In 1406 Anton van Bourgondies became duke of Brabant;
In 1716 Thomas Fleet published "Mother Goose's Melodies For Children";
In 1892 Peter Ilyich Tchaikovsky's ballet "Nutcracker Suite," premiered;
In 1917 the Soviet regiment (Stalin/Lenin) declared Finland Independent,
In 1930 Bradman scored 258 for NSW against SA in only 289 minutes;
In 1941 Japanese troops landed on Hong Kong;
In 1956 an Israeli flag was hoisted on Mount Sinai;
In 1969 Britain abolishes death penalty;
In 1974 my parents gave birth to me (well actually my mother did all the actual birthing. Dad got to smoke cigars and drink whiskey with his mates in the waiting lounge if movies and images of the 1970’s have taught me anything). Yaaay happy birthday to me, happy birthday to me, happy birthday to me etc etc.
It is quite interesting to see just what happened on your special day. I am sure that any of these events would have been equally important had they happened on any other day (unless of course you were scheduled to be executed in Britain on say the 18th Dec and it was abolished on the 19th) but they were all gathered together on this one, my one, and so I claim them as mine.
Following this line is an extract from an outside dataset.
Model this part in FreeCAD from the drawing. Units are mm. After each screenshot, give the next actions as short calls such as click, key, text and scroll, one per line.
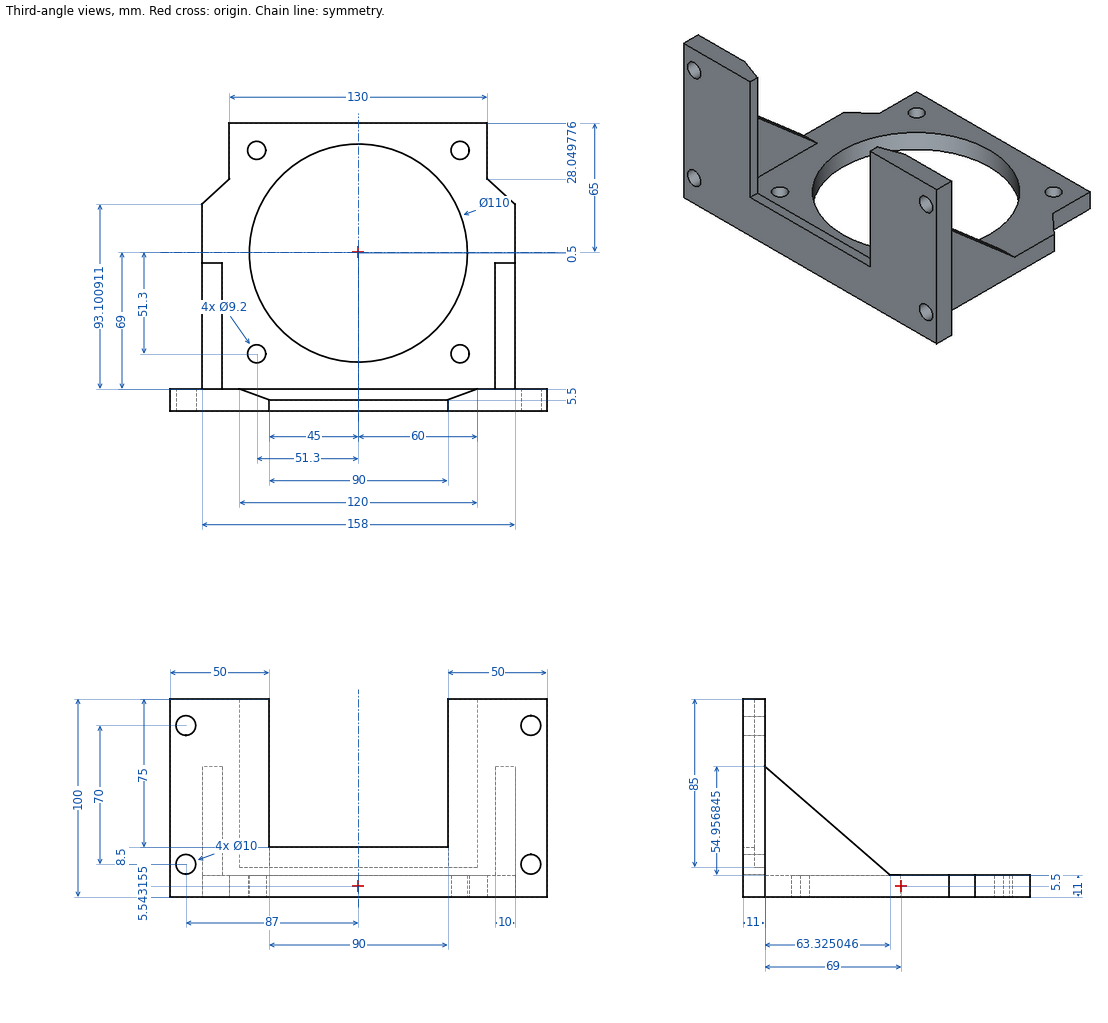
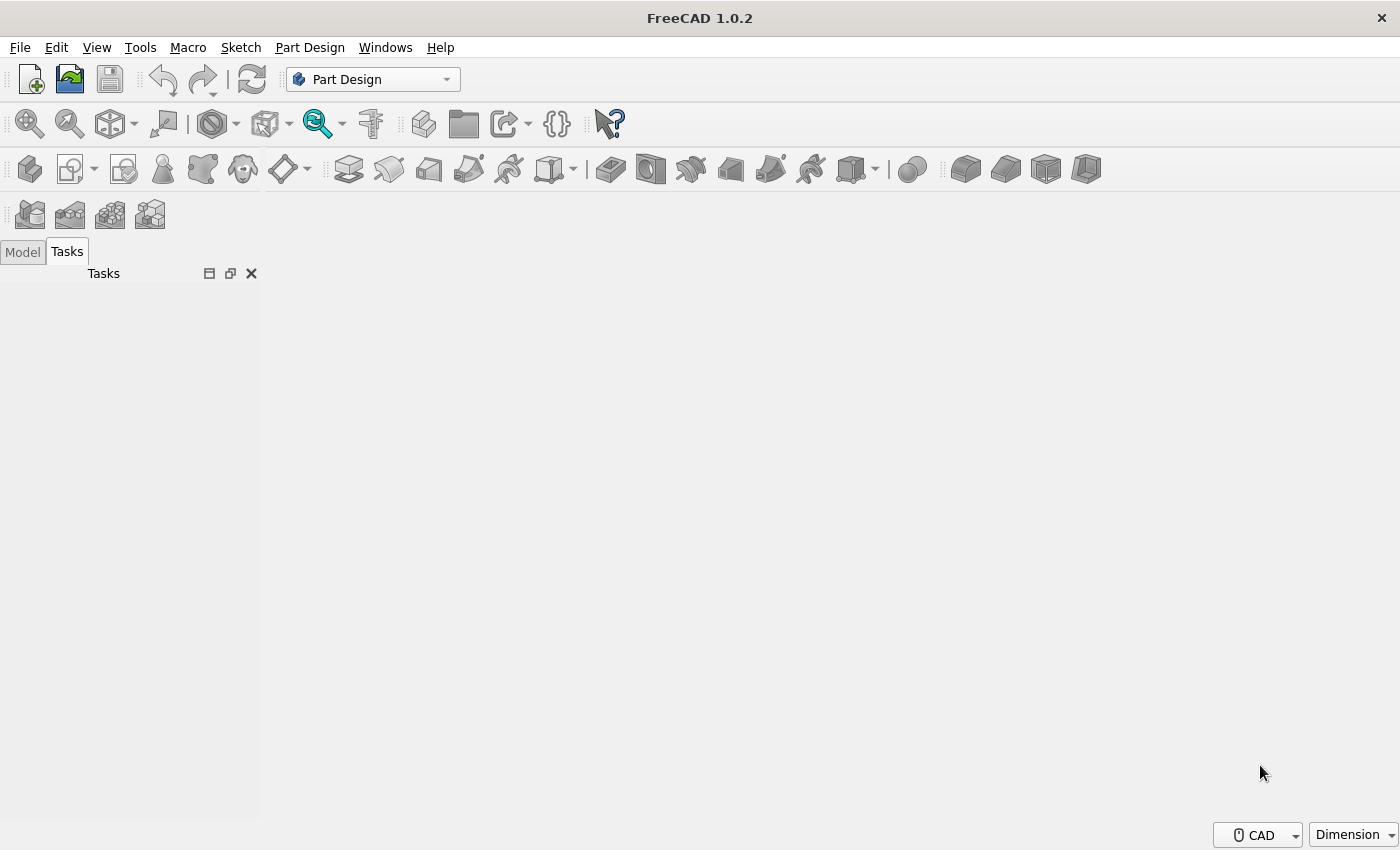
click(30, 80)

I have been feeling a little old lately, though I am not old by any stretch of the imagination. It’s just that I have reached the point in my life where things that were once my field are starting to be left to the younger and more capable among us. There are no professional sportsmen running around at my age for example, or at least not in any sport that requires a level of speed, strength, reflexes or stamina. There are a few exceptions of course, and a few who should have retired but refuse to let go (do you read this Ricky??), but for the great majority it is now up to the younger lads as we are left to pursue golf, darts, snooker and lawn bowls like the rest of the aging brigade. It seems I will never now open the batting for Australia and that to me is a little sad, though I honestly couldn't be any worse than Phil Hughes. It was always a possibility before, albeit extremely remote, but now will never happen. Other indicators are are that injuries seem to linger, hangovers can apparently last for a week (another reason I am glad I gave up drinking) and I have started to really really hate young people. I finally get now what my father was on about for all those years. Young people are really starting to bug me, like a persistent fly that really wants to taste the inside of your nostril but is quick enough that you can't ever kill the bastard and instead spend a lot of time slapping yourself in the face and swearing. Just like that. I do believe the next step is to buy a cane so I can hit out at them and call them bloody kids before wandering off and muttering to myself about how nobody has any respect any more. There are upsides to getting older after all.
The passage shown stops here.